**Supplied material**.
- - -

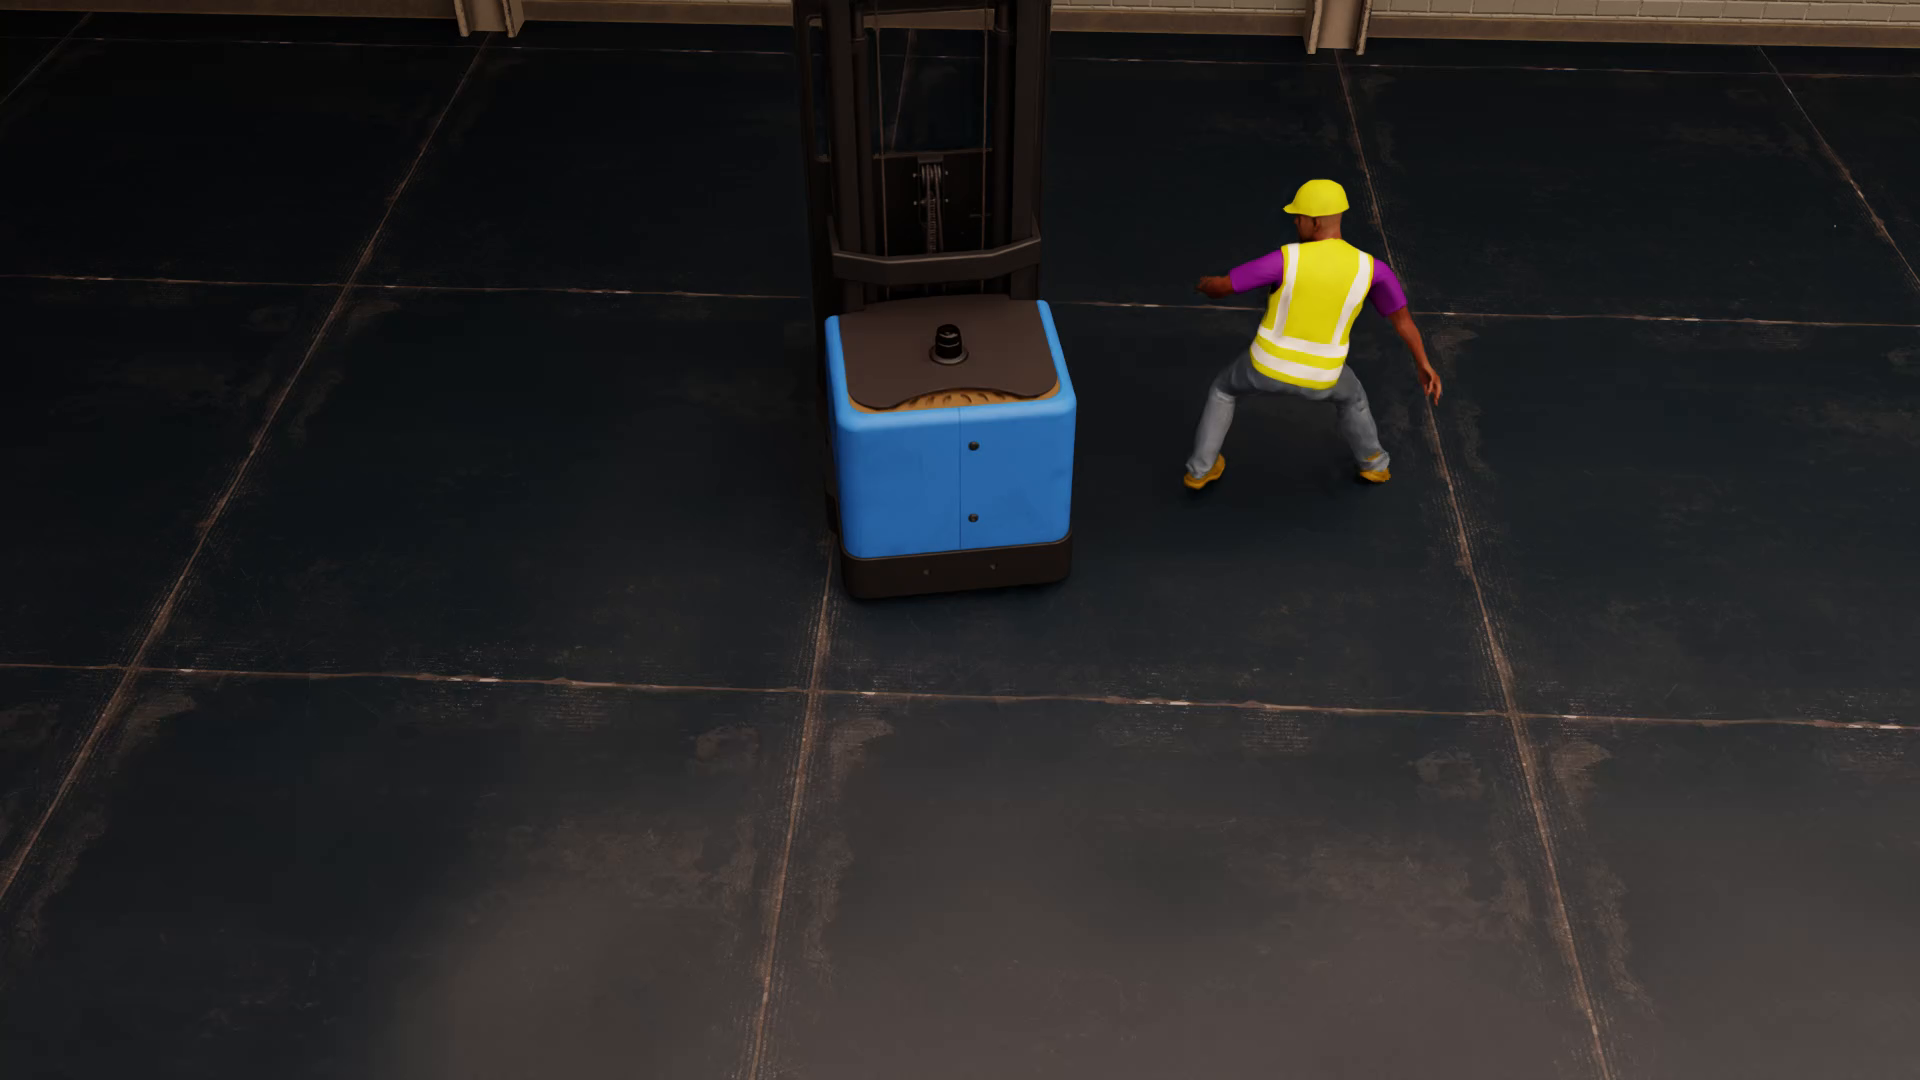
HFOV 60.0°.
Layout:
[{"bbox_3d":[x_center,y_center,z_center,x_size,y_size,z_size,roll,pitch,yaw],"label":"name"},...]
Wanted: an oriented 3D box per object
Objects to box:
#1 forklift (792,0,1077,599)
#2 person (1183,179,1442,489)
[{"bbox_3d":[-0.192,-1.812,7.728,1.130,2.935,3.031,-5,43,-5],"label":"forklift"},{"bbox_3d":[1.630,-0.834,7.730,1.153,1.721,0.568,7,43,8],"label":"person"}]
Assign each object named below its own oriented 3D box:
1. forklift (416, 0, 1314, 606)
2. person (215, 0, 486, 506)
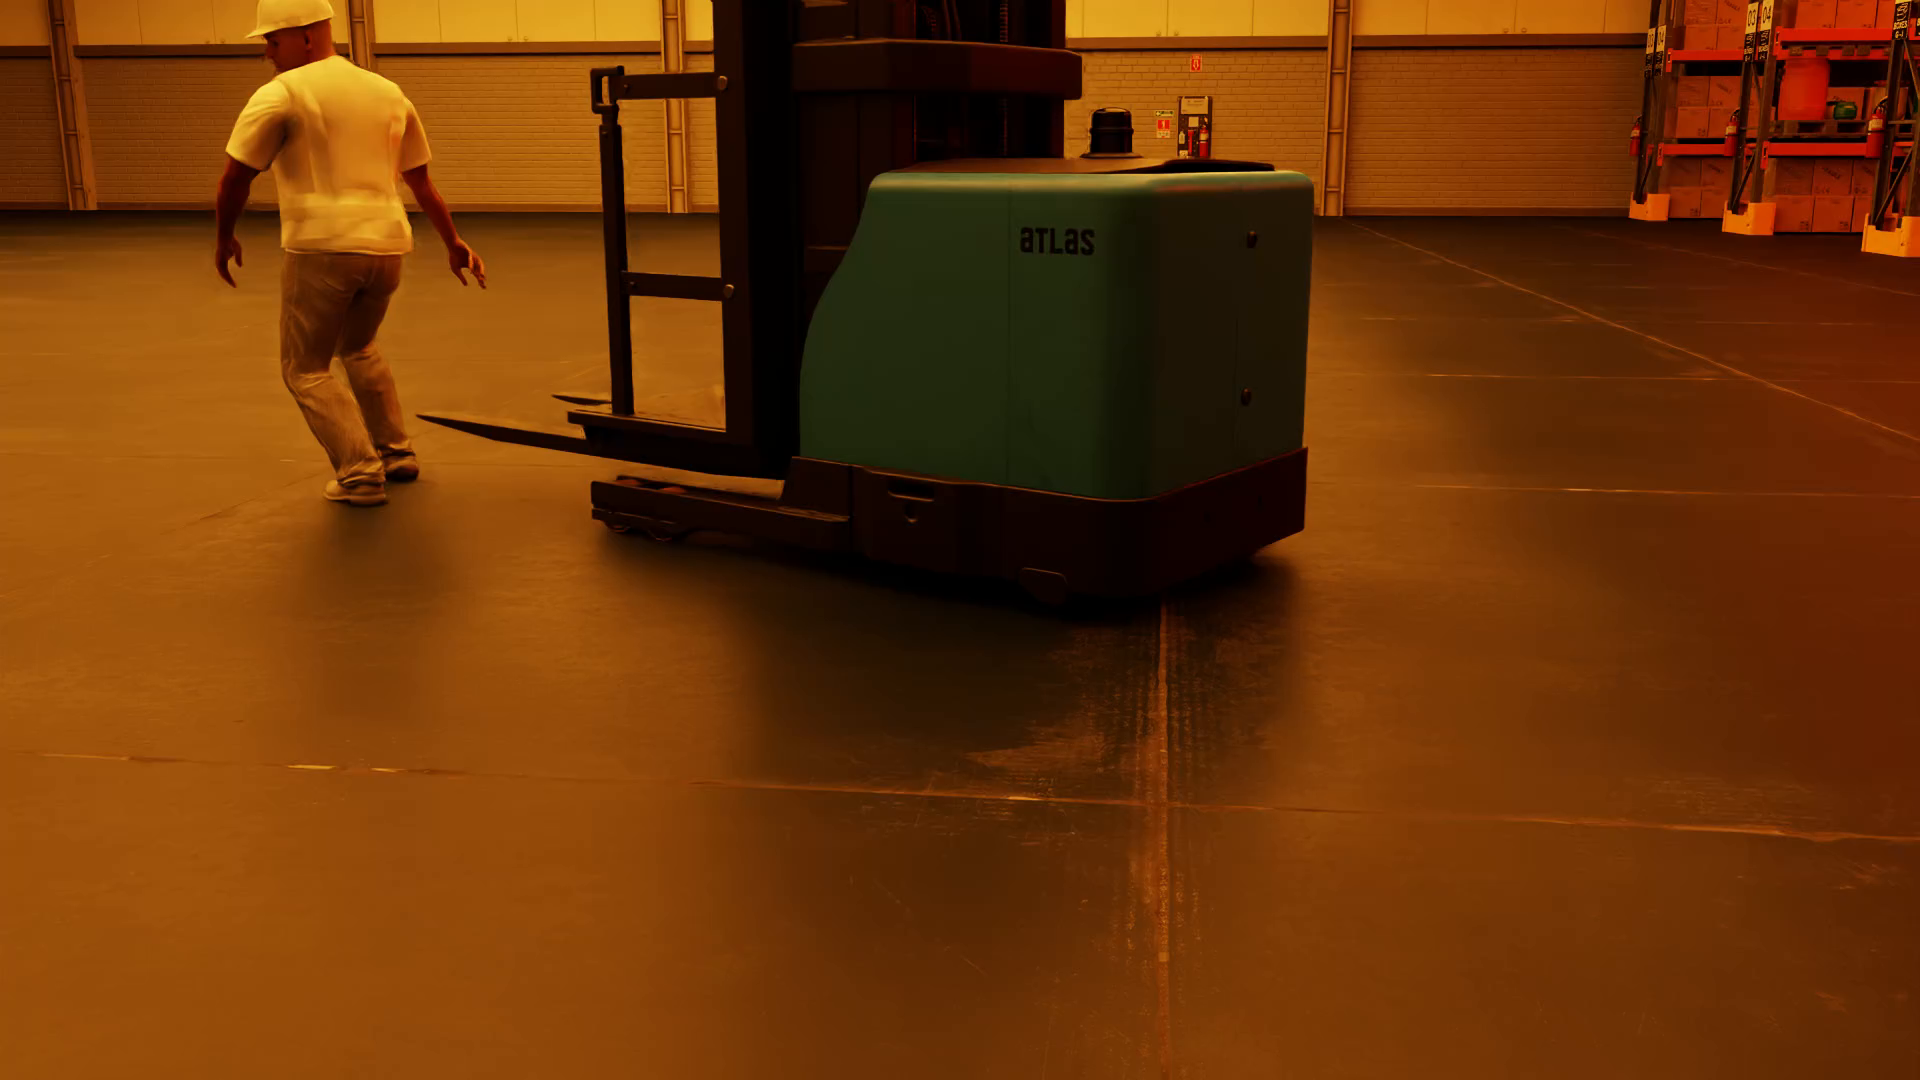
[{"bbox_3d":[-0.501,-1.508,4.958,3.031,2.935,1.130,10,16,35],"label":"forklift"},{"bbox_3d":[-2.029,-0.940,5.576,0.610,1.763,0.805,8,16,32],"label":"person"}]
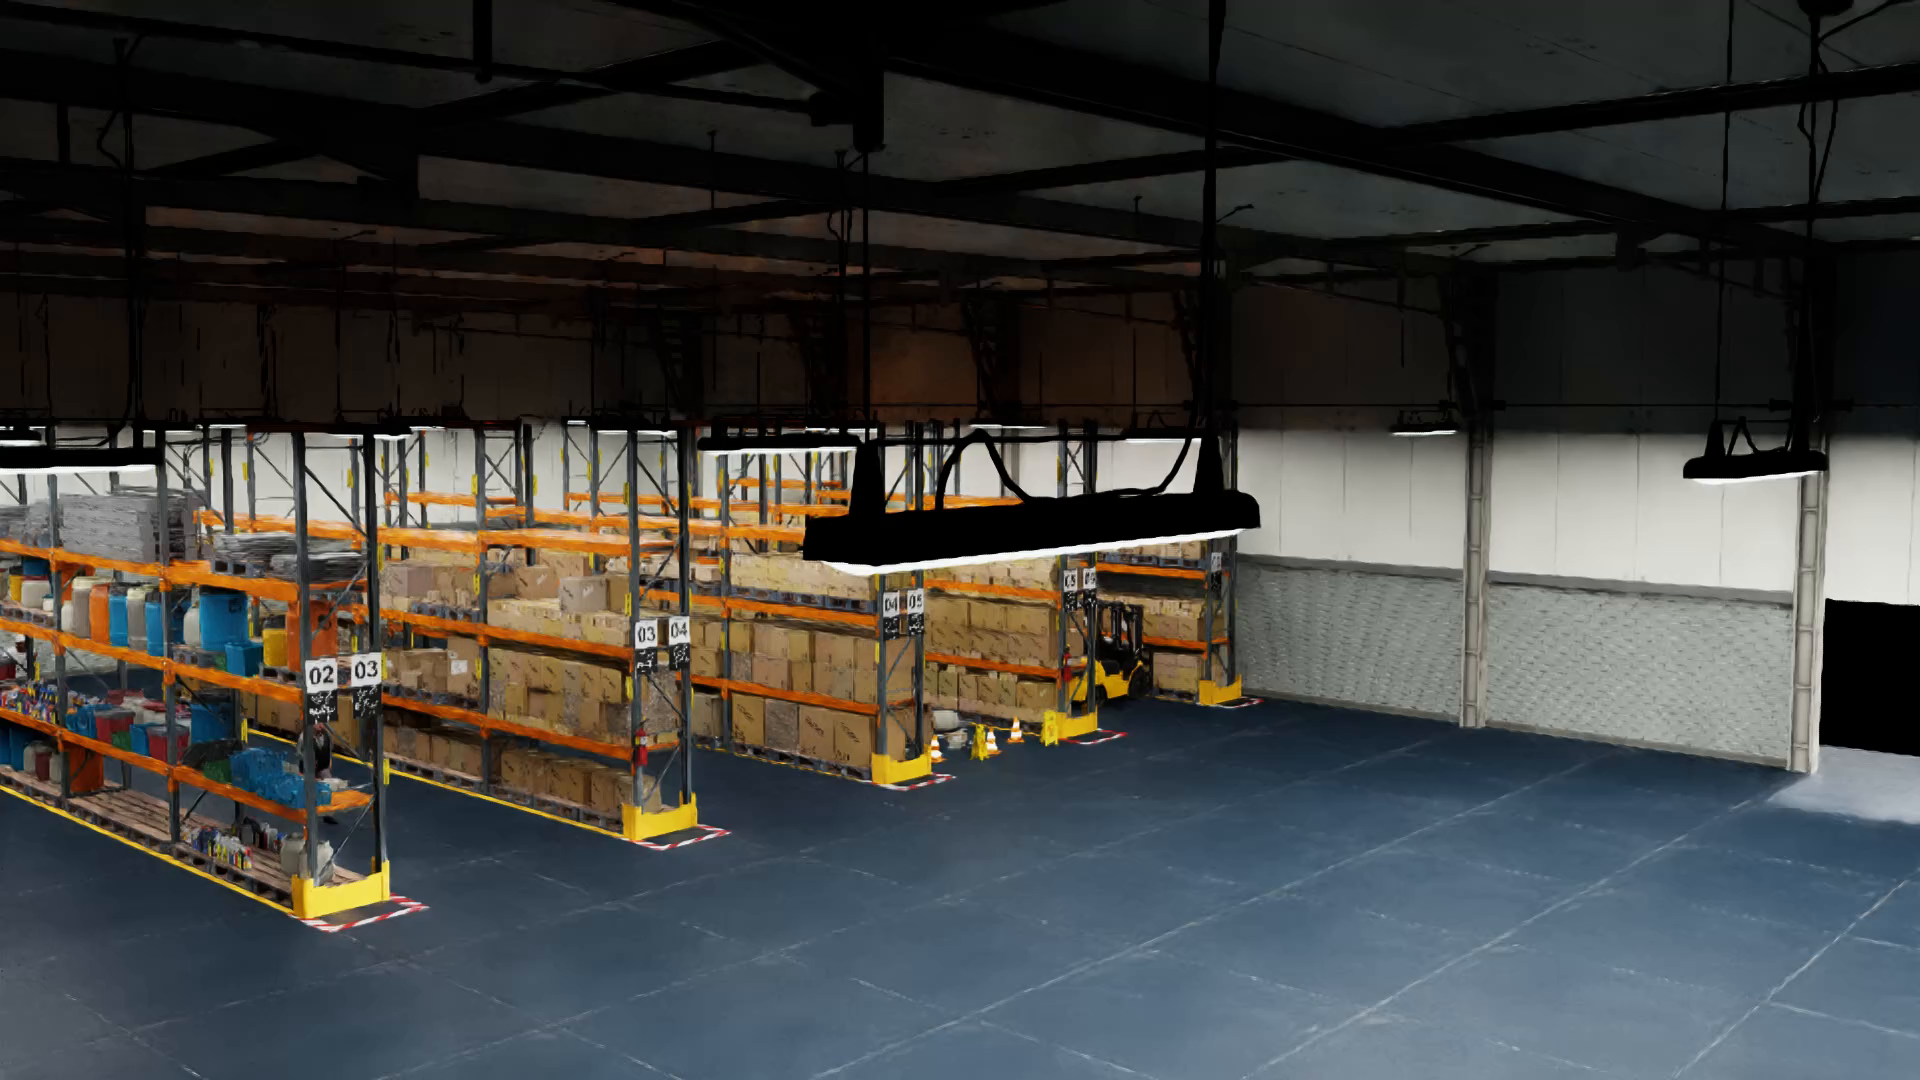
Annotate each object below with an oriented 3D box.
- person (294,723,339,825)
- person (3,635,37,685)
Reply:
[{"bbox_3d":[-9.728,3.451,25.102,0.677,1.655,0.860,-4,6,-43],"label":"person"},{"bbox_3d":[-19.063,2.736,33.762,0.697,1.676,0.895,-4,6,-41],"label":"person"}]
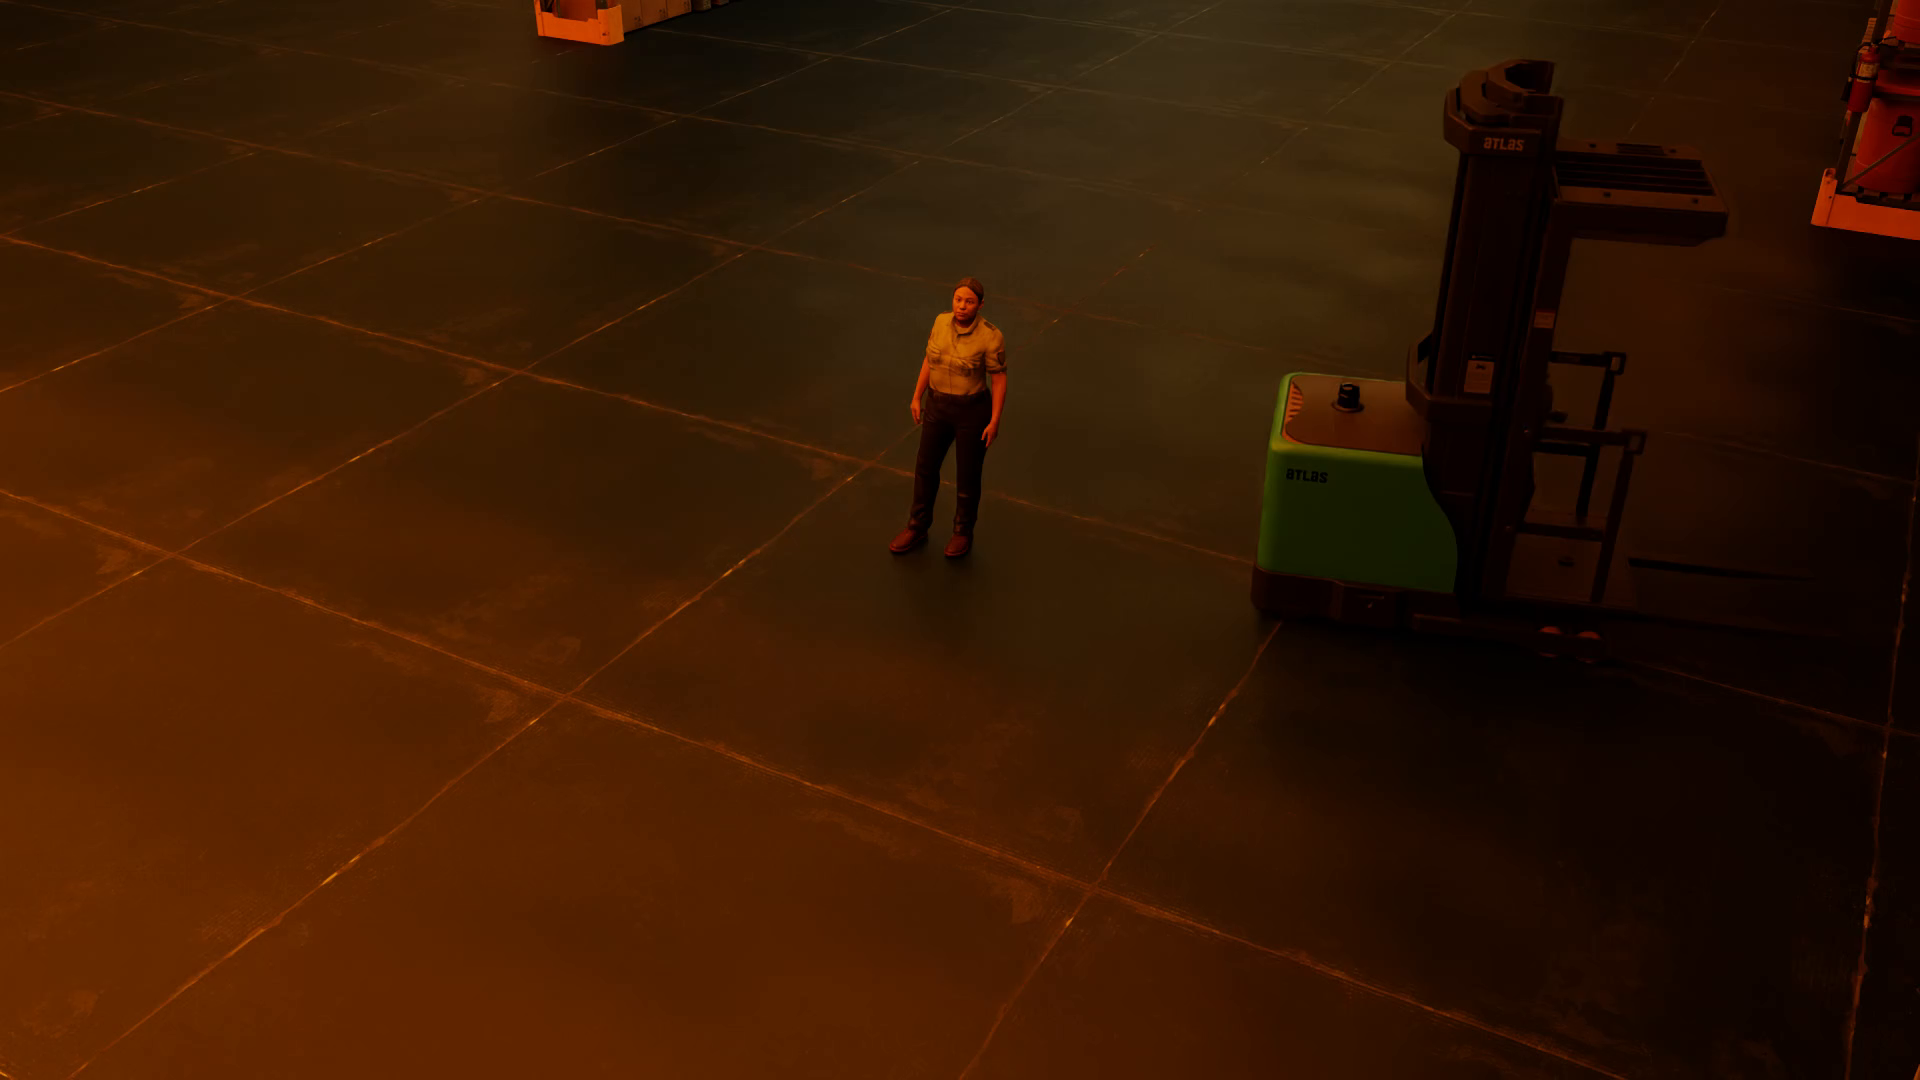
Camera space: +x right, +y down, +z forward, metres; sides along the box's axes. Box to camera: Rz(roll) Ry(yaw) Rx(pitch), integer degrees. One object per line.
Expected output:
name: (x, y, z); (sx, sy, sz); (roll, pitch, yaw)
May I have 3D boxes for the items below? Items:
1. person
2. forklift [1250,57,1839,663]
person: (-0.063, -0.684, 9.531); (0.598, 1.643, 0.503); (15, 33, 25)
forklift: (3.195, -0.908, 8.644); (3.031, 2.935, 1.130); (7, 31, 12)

- - -

**Work request**. From the entries above, copy every line that holds the word "pitch".

**Answer to the exercise**.
[{"bbox_3d":[x_center,y_center,z_center,x_size,y_size,z_size,roll,pitch,yaw],"label":"name"},...]
Camera space: +x right, +y down, +z forward, metres; sides along the box's axes. Box to camera: Rz(roll) Ry(yaw) Rx(pitch), integer degrees. One object per line.
name: (x, y, z); (sx, sy, sz); (roll, pitch, yaw)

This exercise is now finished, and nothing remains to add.